A note about plagiarism

Resources
CSLU Speech Toolkit
Tcl/tk

CS550 Spoken Dialogue Systems
Summer 2010

 

Instructor
Peter Heeman

When
Monday/Wednesday 4:00pm-5:30pm

Where
Wilson Clark Center 403

3 credits
Bulletin Board


Course Information

Spoken dialogue systems are already being deployed to help people find out flight information, trade stock, access email, and find out traffic conditions. With the continuing advancements in speech technology, more information and services will become readily available. A simple cell phone will be enough to hook into the information age.

This course teaches the fundamentals of spoken dialogue systems. Spoken dialogue systems include components for speech recognition, parsing, semantic interpretation, dialogue management, text generation, speech synthesis, and agent architecture. The course will be organized in terms of 3 frameworks for dialogue management: finite-state machines, form-filling, and speech-act reasoning. We will examine how speech recognition, parsing, and semantic interpretation fit into each framework. We will also contrast hand-crafting a dialogue manager with using machine learning.

There is no textbook for the class.


Prerequisites

Programming assignments will be in Tcl/Tk and will use the CSLU toolkit. No prior experience with either is required.

During the course, we will be going into the basics of different formalisms for expressing knowledge, such as finite state machines and context free grammars. Students will be taught the basics of these different formalisms, and are not expected to have already taken a course on automata and formal languages.


CSLU Speech Toolkit

Students will be using the CSLU Speech Toolkit for this class. It has been loaded on the CSE Windows machines. For students who have their own Windows-based PC, they can download it and install it for free onto their own machines. Instructions for downloading it are located at http://cslu.cse.ogi.edu/toolkit/download. The toolkit has many aspects to it. We will be using it solely to build spoken dialogue systems, starting with the Rapid Application Development (RAD) environment. Check out http://cslu.cse.ogi.edu/toolkit/docs/2.0/apps/rad/. This page has a series of tutorials. In particular, tutorial 1, 2, 6, 11, 15, and 16 are particularly useful. The others use features of RAD that we will not be exploring.

Tcl/Tk

The CSLU Speech Toolkit allows you to incorporate Tck/Tk code in building your spoken dialogue systems with RAD. If you want to bypass the graphical interface of RAD, the toolkit has functions written that can be easily incorporated into a Tck/TK program.
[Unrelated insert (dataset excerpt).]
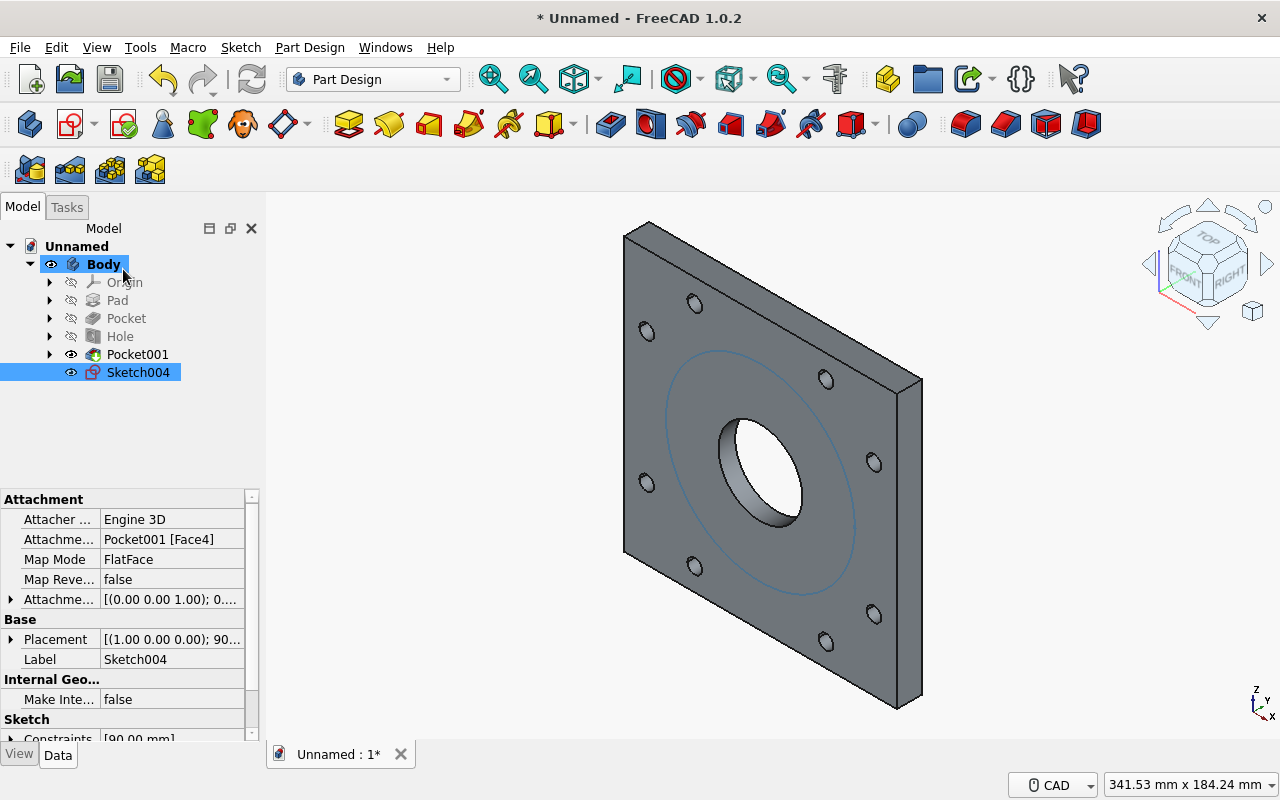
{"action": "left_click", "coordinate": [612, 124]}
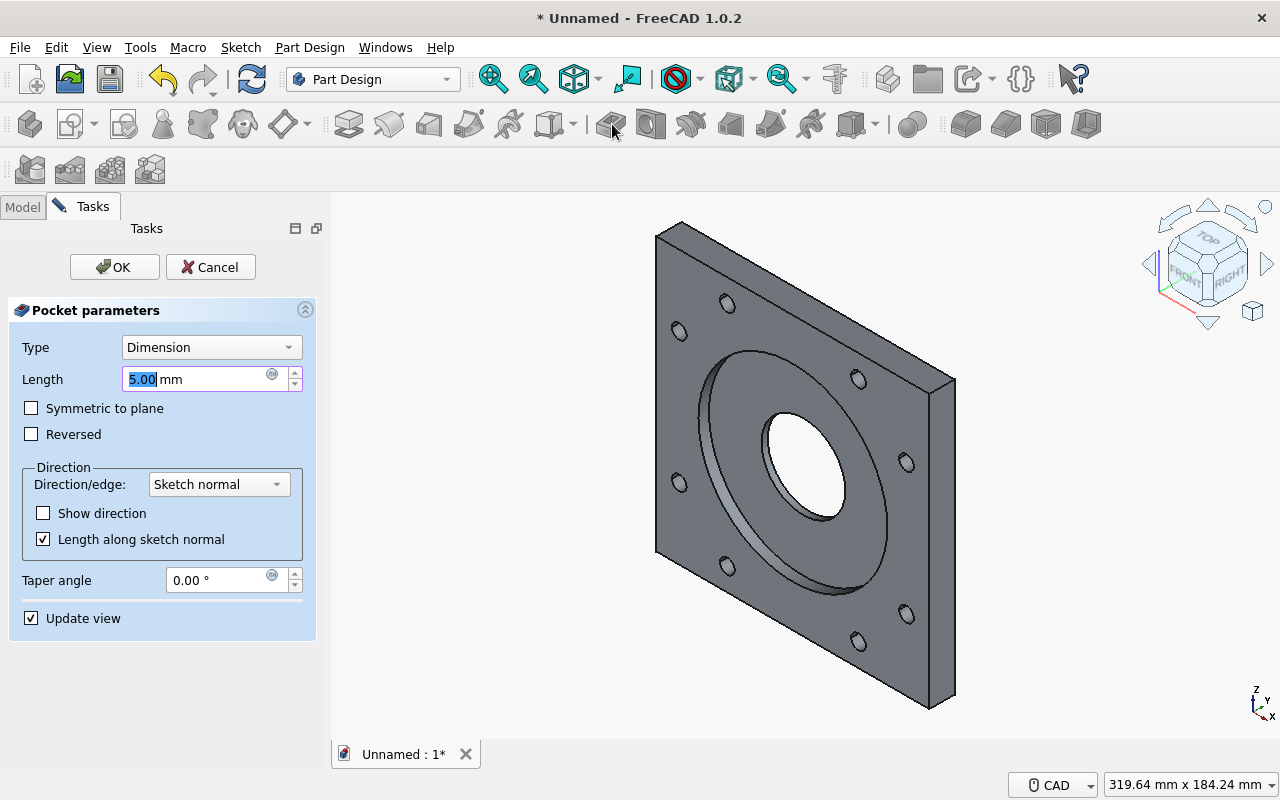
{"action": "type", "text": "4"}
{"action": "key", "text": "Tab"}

Hence, in this course, we be using Tcl/Tk. Tcl/Tk is automatically installed with the toolkit. Some of the tutorials mentioned in the previous section focus on using Tcl/TK. Other sources of information are located at http://tcl.ActiveState.com/doc. Tcl is a scripting language and Tk is a graphics toolkit. You will be mainly using the Tcl part.

Here is some information that I compiled about Tcl/Tk to get you started.


Homework

For each section, there will be a homework assignment, which will involve either creating a technology or incorporating it into a spoken dialogue system.

Final Project

Toward the end of the course, students will do a final project, which can be individual or group-based (at most 3 students). Groups will build on the systems that they have built during the homework assignments. Below are some example projects. The writeup would discuss the application and the needed capabilities of the spoken dialogue system. It would discuss and justify the choices in underlying technology.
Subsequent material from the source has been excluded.